For The Record
USDA announces another $759 million of grants and loans for rural internet
Rural broadband has been a top priority of Georgia’s state and federal officials. Jared Strong/Iowa Capital Dispatch
The U.S. Department of Agriculture is awarding grants and loans that total about $759 million to 49 high-speed internet projects in 24 states and in other territories, the department announced Thursday.
The largest total award is a $36 million loan to Public Service Telephone Company for a fiber project in seven middle Georgia counties that would connect 21,289 people, 569 businesses, 323 farms and 29 educational facilities. The money is intended to install high–speed internet in Bibb, Crawford, Macon, Marion, Monroe, Talbot and Taylor counties.
Georgia lawmakers at the state and federal level have called for better internet connections for rural Georgians. State lawmakers have studied the disconnect extensively, but getting Georgia’s countryside wired has been slow going.
Georgia Democratic U.S. Sen. Raphael Warnock helped introduce bipartisan legislation in September to increase the federal funding available for broadband expansion by preventing some grants from being considered taxable income. The Broadband Grant Tax Treatment Act would amend the Internal Revenue Code to ensure that money directed for the implementation of rural broadband from the Infrastructure Investment and Jobs Act and the American Rescue Plan will not be considered taxable income and will make more of the funds available for much-needed broadband
“The pandemic forced many of us to live even more of our lives online. Hardworking Georgia families need reliable internet access for their jobs, education, health care and so much more,” Warnock said in a statement. “I’ve long championed efforts to strengthen broadband access, and I’m proud to be a part of this bipartisan coalition working to ensure rural regions in Georgia and across the nation have access to the resources they need to expand broadband.

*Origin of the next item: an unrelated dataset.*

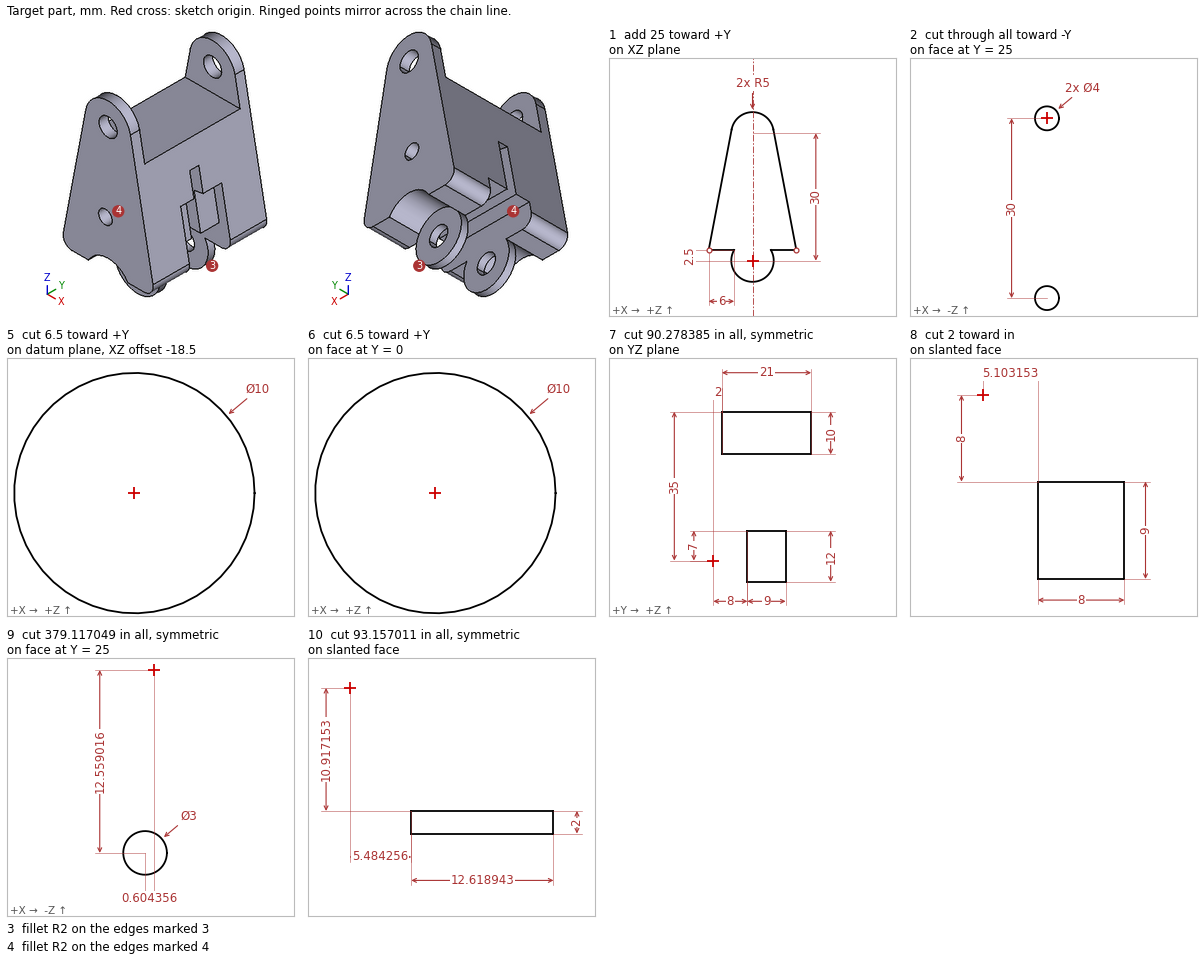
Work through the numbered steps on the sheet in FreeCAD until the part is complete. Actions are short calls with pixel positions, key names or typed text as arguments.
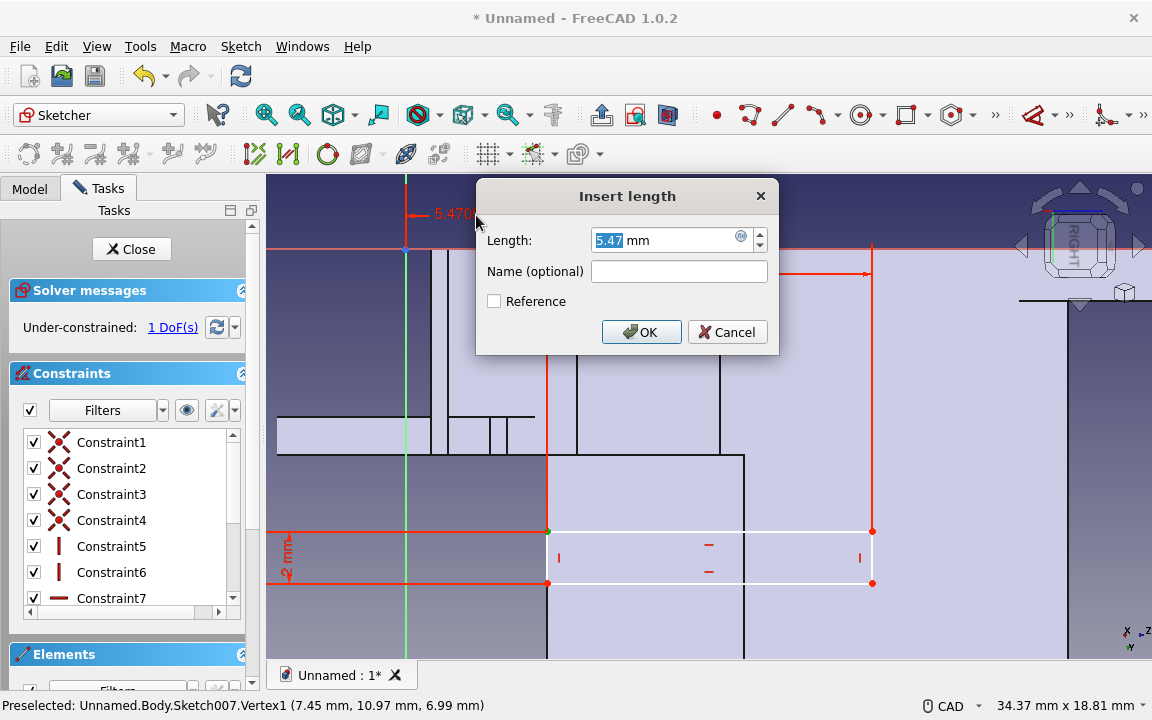
text(5.484256)
key(Return)

The federal funding is part of the Agriculture department’s ReConnect Program and is partially funded by the Bipartisan Infrastructure Law. The program seeks to boost broadband access — primarily in rural areas — to download speeds of 100 megabits per second.
“This really is critically important to the future of rural America,” U.S. Secretary of Agriculture Tom Vilsack said during a call with reporters. “Whether it’s distance-learning opportunities for our students, telemedicine for hospitals, doctors, market development for our small businesses or precision agriculture for our farmers, the internet — high-speed internet — is absolutely essential.”

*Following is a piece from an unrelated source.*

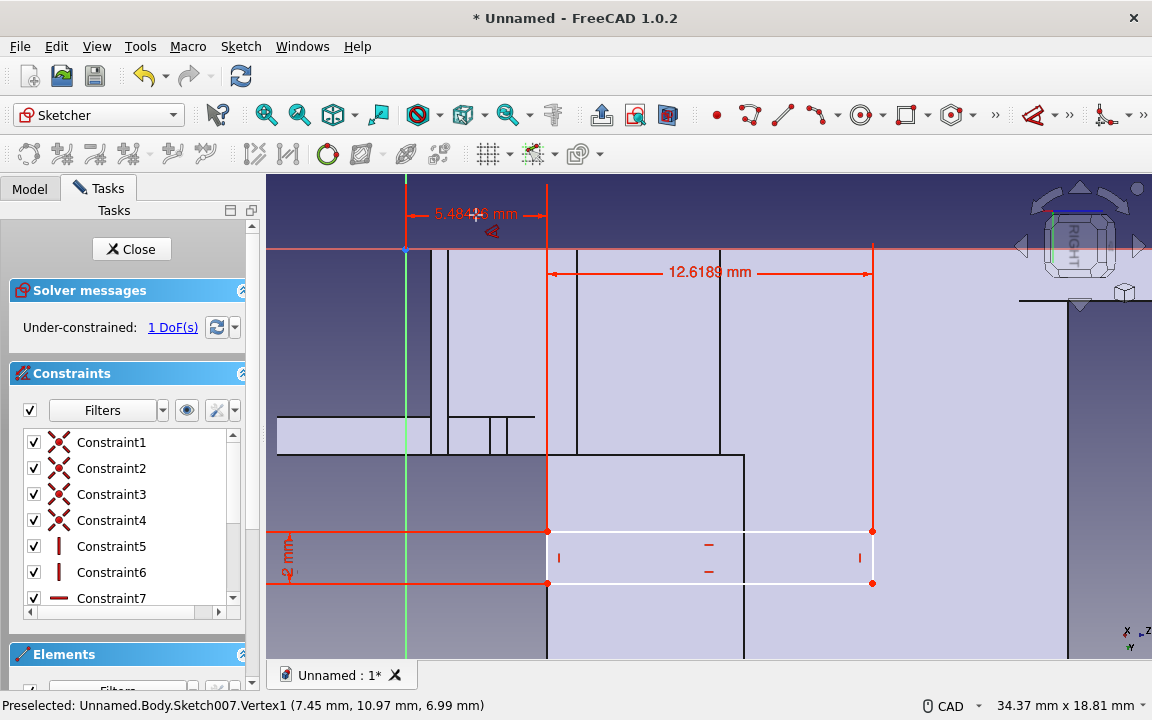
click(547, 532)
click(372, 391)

About $668 million of the new funding is grants, with loans totaling about $91 million. It was the third such ReConnect announcement this year and is the largest so far. Another announcement is expected later this year and one in 2023, Vilsack said.
So far, the grant and loan awards have totaled about $1.6 billion.
The largest grants outside of Georgia announced Thursday were:
— Nearly $35 million for a southwest New Mexico fiber project.
— Nearly $35 million for northern Michigan.
— Nearly $35 million for a fiber network in the Republic of Palau.
— Nearly $30 million for Guam.
— More than $30 million for central Alaska.
Georgia Recorder Editor John McCosh contributed to this report.